Buy CLS. The news is a real capacity expansion ($300M Texas plant + new 343k sq ft) while CCS is already accelerating (Q1 revenue +53%) and management raised 2026 outlook to $19.0B revenue and $10.15 adj EPS. The sell-off looks more like AI/data-center sentiment whiplash than a demand break. Enter on weakness near the $517 area (50-day EMA) with a plan to add if it tests the $473 neckline.

Key Risk: AI/data-center customers cut orders or delay deployments, turning the raised outlook into a one-off and crushing forward growth.

Celestica (CLS) breakdown short

Sell/short CLS if it confirms technical breakdown: a daily close below the $517 50-day EMA and especially below the $473 neckline. That would align with the head-and-shoulders pattern and likely trigger momentum selling, with $400 as the next magnet.

Key Risk: Price reclaims $580 (right-shoulder level) and the market decides the investment + raised guidance outweighs the chart, forcing shorts to cover.

  • Celestica stock retreated sharply in the past few weeks.
  • The company announced a $300 million investment in in Texas.
  • While growth continues, technicals suggest that it may struggle in the near term.

Celestica stock price has slumped in the past few weeks, falling from the all-time high of $655 in June to the current $524. This retreat continued today, even after the company announced a $300 million investment in Texas. So, is it safe to buy the dip?

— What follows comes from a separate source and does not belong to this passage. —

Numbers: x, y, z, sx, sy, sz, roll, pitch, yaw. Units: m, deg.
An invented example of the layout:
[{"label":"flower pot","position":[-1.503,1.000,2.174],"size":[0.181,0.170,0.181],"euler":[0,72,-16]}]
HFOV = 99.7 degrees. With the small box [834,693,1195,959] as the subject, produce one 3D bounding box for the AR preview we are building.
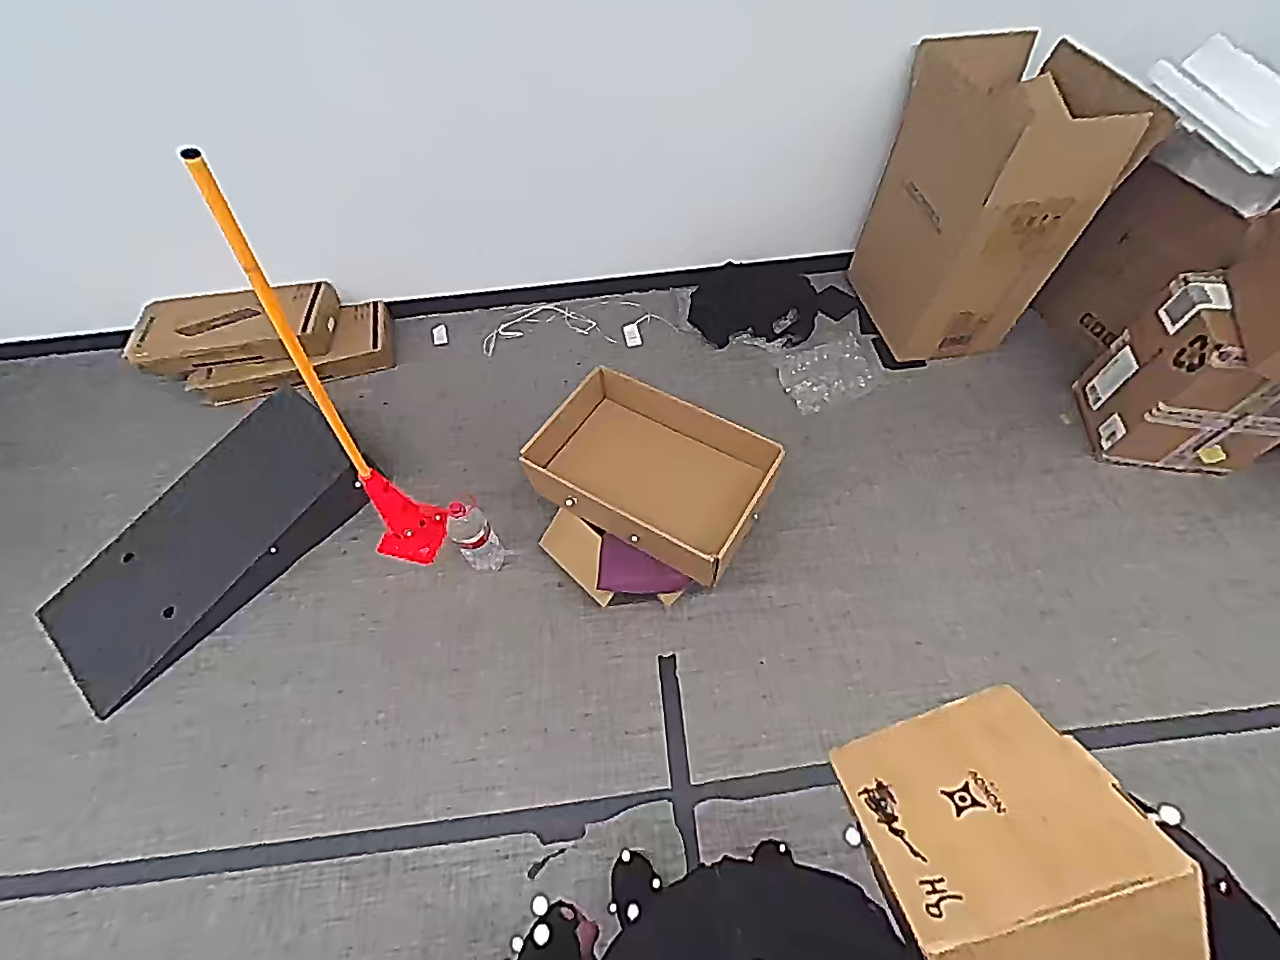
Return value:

Celestica announces a major US investment

Celestica, a top Canadian provider key products like storage, compute, and networking, made a major announcement today. It will expand its Texas plant and spend $300 million, a move that will create over 2,300 jobs in the next two years. 

At the same time, the company plans to extend its lease in its existing buildings and is building a new 343k square-foot program. 

This statement came at a time when Celestica’s business is booming, helped by the ongoing artificial intelligence (AI) boom and data center spending. Its top clients like Alphabet, Meta Platforms, Microsoft, Amazon, and Cisco are all spending billions of dollars in their data center. 

Google, its biggest customer, is boosting its spending on its TPU, raising demand for its racks and other high-speed networking products. Earlier this month, it said that it planned to spend $80 billion more in AI.

The most recent results showed that its revenue jumped by 53% in the first quarter. It made $4.05 billion, close to the upper side of the $3.85 billion and $4.15 billion guidance. 

Most of this revenue came from its Connectivity & Cloud Solutions (CCS), which is made up of its servers and storage products. In a statement, the CEO said:

“We continue to see accelerating growth from our CCS customer base, alongside increasing profitability in both our CCS and ATS segments. Driven by this momentum, we are raising our 2026 annual outlook to $19.0 billion in revenue and $10.15 in adjusted EPS.”

Celestica’s growth to continue amid strong data center spending

Wall Street analysts predict that the company has more room for growth amid the resilient data center spending. Data compiled by Yahoo Finance shows that analysts expect that its revenue will be $19.19 billion, higher than what analysts guided. If this happens, it will be a 54% annual growth rate.

Analysts expect that its revenue growth will be 40% next year to $26 billion, which will make it one of the fastest growing Canadian companies. Its EPS is expected to move from $6.05 last year to $10, followed by $15 next year.

Celestica stock price technical analysis

Celestica stock chart | Source: TradingView

The daily chart shows that the Celestica share price has retreated in the past few weeks. This retreat started after the recent Broadcom earnings, which pushed top AI companies lower. 

A closer look shows that the stock has formed a head-and-shoulders pattern, a common bearish sign in technical analysis. The neckline is at $473, its lowest levels since May.

However, it sits above the 50-day Exponential Moving Averages (EMA), a sign that bulls are still hanging on there. Therefore, a drop below the 50-day moving average of $517 will confirm the bearish outlook. 

If this happens, the next level to watch will be at $400. On the other hand, a move above the right shoulder level of $580 will invalidate the bearish outlook.